_REQUIRED ACTION_.
Every line below from the one containing "Work item: 3D" through the one containing "Lengths in meters, angles" is to be printed exactly, with the pictures omitted.

━━ ENTRIES SUPPLIED ━━

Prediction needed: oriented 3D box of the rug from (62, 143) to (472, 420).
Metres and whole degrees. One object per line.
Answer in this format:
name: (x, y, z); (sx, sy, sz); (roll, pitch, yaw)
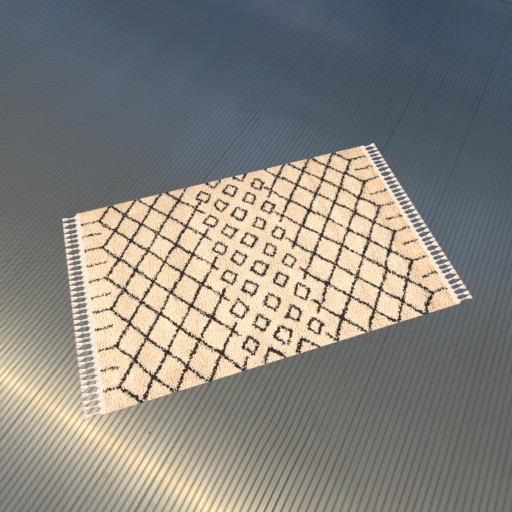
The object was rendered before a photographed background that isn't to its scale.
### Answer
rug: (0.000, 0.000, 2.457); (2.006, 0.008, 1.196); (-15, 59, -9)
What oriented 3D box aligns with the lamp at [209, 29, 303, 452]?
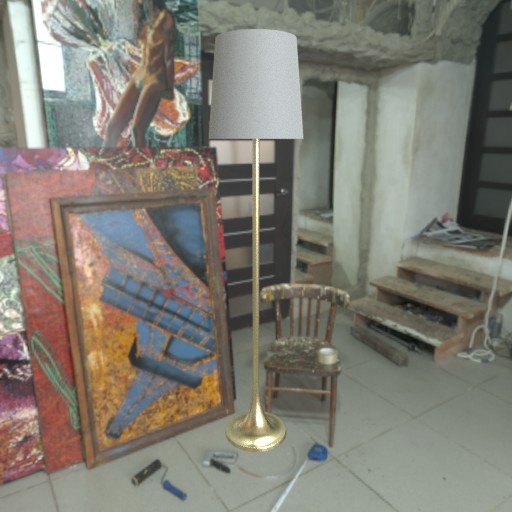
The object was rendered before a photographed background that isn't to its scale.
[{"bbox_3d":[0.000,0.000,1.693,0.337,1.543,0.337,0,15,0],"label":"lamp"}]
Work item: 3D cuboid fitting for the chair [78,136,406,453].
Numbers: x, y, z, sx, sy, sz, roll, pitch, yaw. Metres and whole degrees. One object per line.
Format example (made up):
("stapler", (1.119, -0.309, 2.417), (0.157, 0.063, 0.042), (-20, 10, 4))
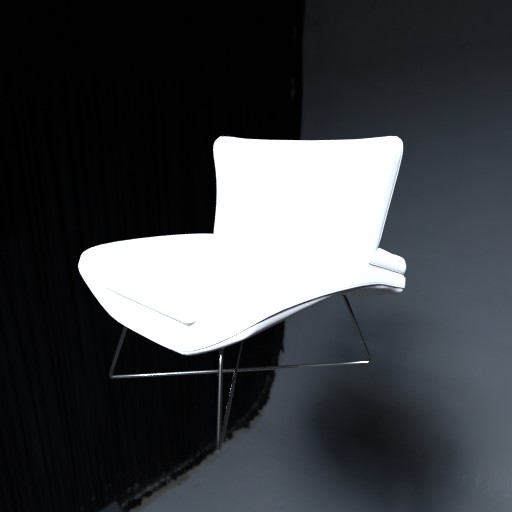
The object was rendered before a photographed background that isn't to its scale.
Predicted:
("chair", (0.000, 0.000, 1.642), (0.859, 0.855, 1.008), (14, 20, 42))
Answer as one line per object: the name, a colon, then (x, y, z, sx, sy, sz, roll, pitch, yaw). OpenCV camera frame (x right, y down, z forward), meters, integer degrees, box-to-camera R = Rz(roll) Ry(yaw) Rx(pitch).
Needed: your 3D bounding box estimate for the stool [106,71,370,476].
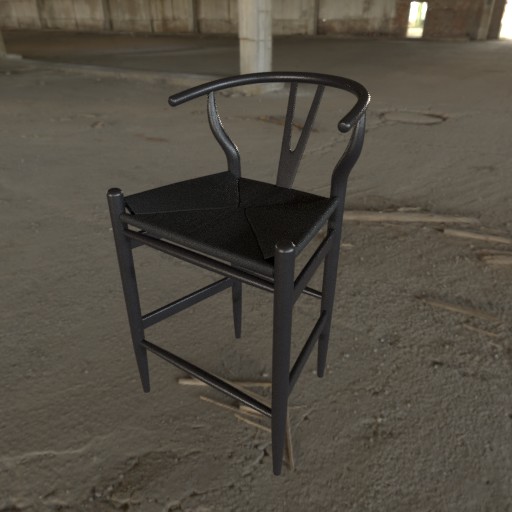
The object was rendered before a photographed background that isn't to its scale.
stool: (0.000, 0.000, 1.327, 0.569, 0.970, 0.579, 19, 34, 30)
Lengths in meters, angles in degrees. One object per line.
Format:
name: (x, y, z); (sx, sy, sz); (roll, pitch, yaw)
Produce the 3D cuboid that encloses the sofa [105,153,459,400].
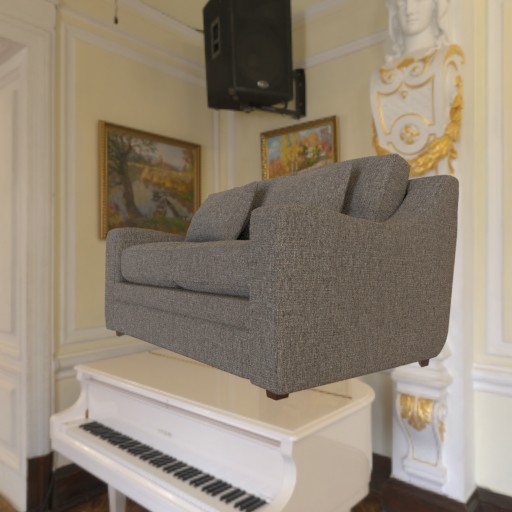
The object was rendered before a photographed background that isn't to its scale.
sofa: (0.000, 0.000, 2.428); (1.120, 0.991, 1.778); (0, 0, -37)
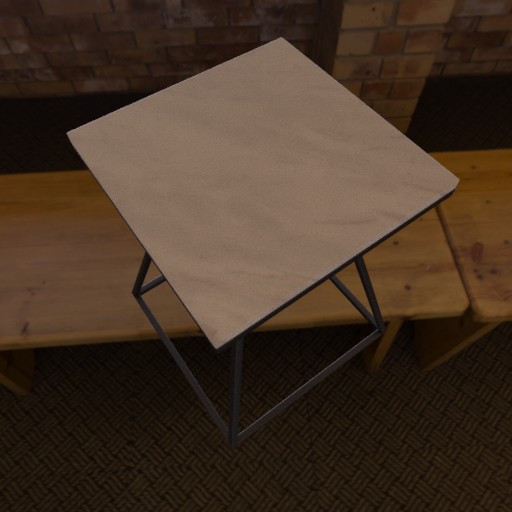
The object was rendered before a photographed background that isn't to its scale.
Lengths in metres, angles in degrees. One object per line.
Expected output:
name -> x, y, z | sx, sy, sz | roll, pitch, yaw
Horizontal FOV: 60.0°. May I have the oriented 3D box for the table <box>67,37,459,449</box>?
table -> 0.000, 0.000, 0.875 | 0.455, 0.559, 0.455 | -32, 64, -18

━━━
━━ ENTRIES SUPPLIED ━━

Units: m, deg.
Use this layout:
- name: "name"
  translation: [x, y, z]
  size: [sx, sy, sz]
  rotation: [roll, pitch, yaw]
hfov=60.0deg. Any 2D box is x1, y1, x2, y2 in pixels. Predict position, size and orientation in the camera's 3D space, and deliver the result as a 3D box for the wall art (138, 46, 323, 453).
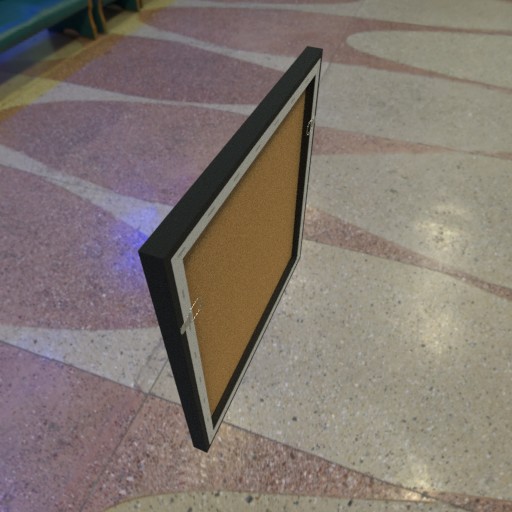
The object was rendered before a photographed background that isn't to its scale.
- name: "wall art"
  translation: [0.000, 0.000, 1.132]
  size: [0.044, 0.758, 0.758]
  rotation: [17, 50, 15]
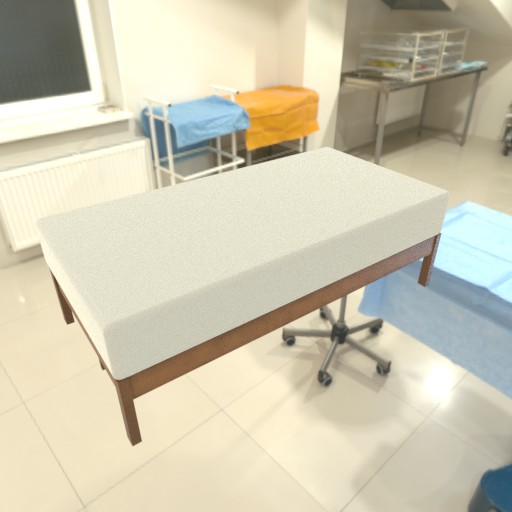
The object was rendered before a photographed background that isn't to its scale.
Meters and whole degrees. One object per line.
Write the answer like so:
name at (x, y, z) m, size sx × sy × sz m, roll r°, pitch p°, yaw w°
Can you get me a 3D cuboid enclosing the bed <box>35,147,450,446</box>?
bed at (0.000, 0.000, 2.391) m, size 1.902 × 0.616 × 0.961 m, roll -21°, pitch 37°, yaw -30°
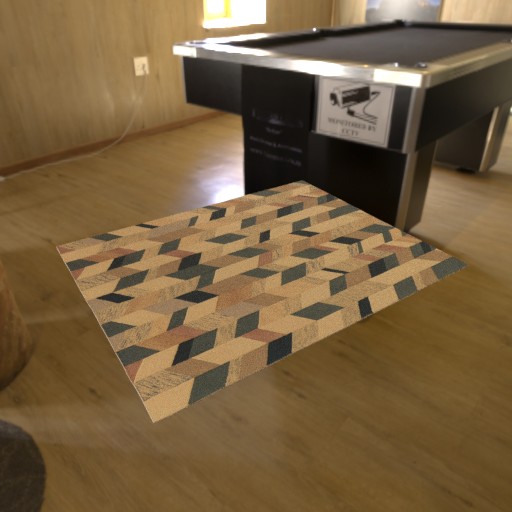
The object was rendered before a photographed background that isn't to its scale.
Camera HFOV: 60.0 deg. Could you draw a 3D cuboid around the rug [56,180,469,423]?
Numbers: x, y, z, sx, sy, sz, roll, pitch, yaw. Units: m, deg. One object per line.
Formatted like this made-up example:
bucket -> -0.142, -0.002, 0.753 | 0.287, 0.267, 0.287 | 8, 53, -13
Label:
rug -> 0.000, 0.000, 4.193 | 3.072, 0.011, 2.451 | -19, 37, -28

━━━
━━ ENTRIES SUPPLIED ━━

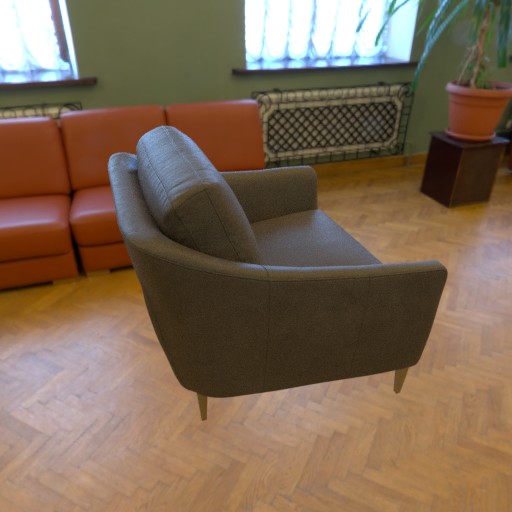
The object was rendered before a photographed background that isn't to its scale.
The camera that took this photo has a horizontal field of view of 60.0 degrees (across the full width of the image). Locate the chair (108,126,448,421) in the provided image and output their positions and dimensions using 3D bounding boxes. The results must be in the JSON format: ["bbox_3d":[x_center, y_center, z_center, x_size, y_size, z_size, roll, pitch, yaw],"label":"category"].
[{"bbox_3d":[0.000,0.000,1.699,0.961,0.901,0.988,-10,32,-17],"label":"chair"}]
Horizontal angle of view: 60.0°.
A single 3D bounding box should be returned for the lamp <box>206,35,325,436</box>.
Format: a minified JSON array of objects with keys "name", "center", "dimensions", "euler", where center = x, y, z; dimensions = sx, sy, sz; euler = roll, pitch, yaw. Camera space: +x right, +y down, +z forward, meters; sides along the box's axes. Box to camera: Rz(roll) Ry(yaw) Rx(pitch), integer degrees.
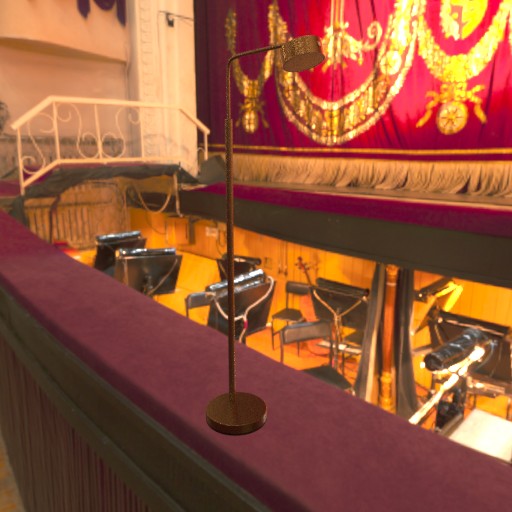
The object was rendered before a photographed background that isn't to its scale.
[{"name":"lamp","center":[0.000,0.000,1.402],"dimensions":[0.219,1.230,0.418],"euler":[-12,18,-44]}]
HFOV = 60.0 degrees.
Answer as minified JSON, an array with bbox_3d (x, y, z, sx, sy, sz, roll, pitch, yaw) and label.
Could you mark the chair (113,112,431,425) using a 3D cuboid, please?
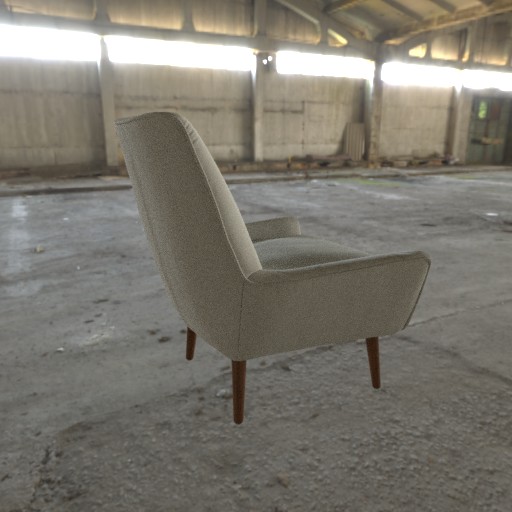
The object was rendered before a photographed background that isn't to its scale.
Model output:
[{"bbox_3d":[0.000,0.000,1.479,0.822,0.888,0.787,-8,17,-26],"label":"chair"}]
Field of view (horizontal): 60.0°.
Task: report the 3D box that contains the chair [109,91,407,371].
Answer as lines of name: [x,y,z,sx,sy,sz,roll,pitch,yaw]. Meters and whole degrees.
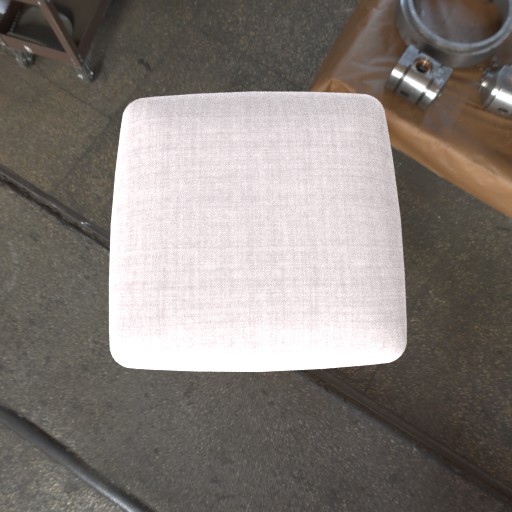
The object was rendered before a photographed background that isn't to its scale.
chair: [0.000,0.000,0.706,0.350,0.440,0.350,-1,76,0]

━━━

_WRITTEN RESPONSE_.
Work item: 3D cuboid fitting for the chair [78,136,406,453].
Numbers: x, y, z, sx, sy, sz, roll, pitch, yaw. Metres and whole degrees. One object per line.
Format example (made up):
("stapler", (1.119, -0.309, 2.417), (0.157, 0.063, 0.042), (-20, 10, 4))
The object was rendered before a photographed background that isn't to its scale.
Predicted:
("chair", (0.000, 0.000, 1.642), (0.859, 0.855, 1.008), (14, 20, 42))
Answer as one line per object: the name, a colon, then (x, y, z, sx, sy, sz, roll, pitch, yaw). OpenCV camera frame (x right, y down, z forward), meters, integer degrees, box-to-camera R = Rz(roll) Ry(yaw) Rx(pitch).
Needed: your 3D bounding box estimate for the stool [106,71,370,476].
The object was rendered before a photographed background that isn't to its scale.
stool: (0.000, 0.000, 1.327, 0.569, 0.970, 0.579, 19, 34, 30)
Lengths in meters, angles in degrees. One object per line.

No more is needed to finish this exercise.